Records from a collection:
____

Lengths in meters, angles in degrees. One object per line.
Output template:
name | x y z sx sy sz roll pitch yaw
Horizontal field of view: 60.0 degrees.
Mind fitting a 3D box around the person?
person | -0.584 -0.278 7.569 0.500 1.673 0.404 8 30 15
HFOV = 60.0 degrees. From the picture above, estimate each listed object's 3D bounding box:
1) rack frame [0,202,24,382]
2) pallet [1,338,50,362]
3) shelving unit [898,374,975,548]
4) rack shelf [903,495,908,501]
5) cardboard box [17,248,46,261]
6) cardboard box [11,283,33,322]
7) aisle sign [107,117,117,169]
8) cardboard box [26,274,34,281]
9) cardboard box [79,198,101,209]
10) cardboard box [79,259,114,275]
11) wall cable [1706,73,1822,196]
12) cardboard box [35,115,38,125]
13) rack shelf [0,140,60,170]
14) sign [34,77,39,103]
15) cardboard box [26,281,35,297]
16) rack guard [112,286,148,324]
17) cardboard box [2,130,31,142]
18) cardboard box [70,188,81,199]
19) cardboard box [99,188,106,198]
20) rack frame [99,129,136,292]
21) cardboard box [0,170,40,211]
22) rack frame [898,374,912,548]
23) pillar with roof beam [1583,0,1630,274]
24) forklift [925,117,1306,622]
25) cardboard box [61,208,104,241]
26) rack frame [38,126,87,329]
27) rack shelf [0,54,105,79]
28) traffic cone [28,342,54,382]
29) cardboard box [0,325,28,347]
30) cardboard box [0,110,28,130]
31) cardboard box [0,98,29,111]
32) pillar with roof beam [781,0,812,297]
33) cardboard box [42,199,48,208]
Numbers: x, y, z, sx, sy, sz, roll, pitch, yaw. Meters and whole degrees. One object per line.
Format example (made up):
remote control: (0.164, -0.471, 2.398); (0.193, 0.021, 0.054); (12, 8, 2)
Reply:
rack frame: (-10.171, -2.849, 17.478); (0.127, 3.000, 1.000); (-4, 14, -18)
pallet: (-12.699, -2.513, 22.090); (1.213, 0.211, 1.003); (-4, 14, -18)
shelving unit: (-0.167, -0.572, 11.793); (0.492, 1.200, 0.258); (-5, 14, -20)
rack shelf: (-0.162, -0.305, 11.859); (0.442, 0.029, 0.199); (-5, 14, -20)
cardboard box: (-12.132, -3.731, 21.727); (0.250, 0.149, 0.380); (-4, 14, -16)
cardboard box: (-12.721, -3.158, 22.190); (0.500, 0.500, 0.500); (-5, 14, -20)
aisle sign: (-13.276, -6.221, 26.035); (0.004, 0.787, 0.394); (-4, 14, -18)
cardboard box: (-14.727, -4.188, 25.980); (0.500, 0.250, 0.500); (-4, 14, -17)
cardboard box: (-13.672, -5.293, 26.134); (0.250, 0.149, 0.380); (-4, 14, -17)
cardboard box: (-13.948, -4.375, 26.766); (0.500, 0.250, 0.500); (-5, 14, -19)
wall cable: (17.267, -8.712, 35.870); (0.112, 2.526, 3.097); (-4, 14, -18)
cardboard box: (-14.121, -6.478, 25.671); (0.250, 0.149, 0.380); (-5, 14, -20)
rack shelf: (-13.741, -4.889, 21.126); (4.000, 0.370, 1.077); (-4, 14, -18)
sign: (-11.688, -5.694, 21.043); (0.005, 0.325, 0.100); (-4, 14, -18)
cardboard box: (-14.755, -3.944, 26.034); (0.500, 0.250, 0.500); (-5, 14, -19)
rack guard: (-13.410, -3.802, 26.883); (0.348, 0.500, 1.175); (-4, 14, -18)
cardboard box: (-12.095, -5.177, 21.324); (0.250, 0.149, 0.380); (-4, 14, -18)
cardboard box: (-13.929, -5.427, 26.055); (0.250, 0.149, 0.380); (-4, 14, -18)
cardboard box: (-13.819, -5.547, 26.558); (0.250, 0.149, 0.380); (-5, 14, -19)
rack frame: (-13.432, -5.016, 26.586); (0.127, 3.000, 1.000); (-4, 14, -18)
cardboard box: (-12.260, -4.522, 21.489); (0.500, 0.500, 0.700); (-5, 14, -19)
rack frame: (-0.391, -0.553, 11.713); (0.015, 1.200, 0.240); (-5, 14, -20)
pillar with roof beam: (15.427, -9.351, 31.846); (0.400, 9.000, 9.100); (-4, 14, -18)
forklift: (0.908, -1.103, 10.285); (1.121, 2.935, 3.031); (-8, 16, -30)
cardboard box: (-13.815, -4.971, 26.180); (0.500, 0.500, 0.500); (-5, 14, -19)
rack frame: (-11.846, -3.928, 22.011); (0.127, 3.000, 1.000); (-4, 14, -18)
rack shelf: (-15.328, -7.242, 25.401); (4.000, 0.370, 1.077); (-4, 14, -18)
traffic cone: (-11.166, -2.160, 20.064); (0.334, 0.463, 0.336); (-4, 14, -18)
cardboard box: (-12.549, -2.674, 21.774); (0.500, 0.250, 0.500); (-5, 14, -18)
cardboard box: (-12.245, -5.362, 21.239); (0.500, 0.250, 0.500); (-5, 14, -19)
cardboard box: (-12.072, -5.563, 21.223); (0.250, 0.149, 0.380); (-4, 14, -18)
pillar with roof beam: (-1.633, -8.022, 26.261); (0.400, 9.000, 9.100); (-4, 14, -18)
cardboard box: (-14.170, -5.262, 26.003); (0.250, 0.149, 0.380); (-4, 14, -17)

____

• [Task instructions]: Could you repeat exactly the lines above from the line with "HFOV = 60.0" up to and including the line with "remote control: (0.164, -0.471, 2.398);", and only those?

• [Response for this exercise]:
HFOV = 60.0 degrees. From the picture above, estimate each listed object's 3D bounding box:
1) rack frame [0,202,24,382]
2) pallet [1,338,50,362]
3) shelving unit [898,374,975,548]
4) rack shelf [903,495,908,501]
5) cardboard box [17,248,46,261]
6) cardboard box [11,283,33,322]
7) aisle sign [107,117,117,169]
8) cardboard box [26,274,34,281]
9) cardboard box [79,198,101,209]
10) cardboard box [79,259,114,275]
11) wall cable [1706,73,1822,196]
12) cardboard box [35,115,38,125]
13) rack shelf [0,140,60,170]
14) sign [34,77,39,103]
15) cardboard box [26,281,35,297]
16) rack guard [112,286,148,324]
17) cardboard box [2,130,31,142]
18) cardboard box [70,188,81,199]
19) cardboard box [99,188,106,198]
20) rack frame [99,129,136,292]
21) cardboard box [0,170,40,211]
22) rack frame [898,374,912,548]
23) pillar with roof beam [1583,0,1630,274]
24) forklift [925,117,1306,622]
25) cardboard box [61,208,104,241]
26) rack frame [38,126,87,329]
27) rack shelf [0,54,105,79]
28) traffic cone [28,342,54,382]
29) cardboard box [0,325,28,347]
30) cardboard box [0,110,28,130]
31) cardboard box [0,98,29,111]
32) pillar with roof beam [781,0,812,297]
33) cardboard box [42,199,48,208]
Numbers: x, y, z, sx, sy, sz, roll, pitch, yaw. Meters and whole degrees. One object per line.
Format example (made up):
remote control: (0.164, -0.471, 2.398); (0.193, 0.021, 0.054); (12, 8, 2)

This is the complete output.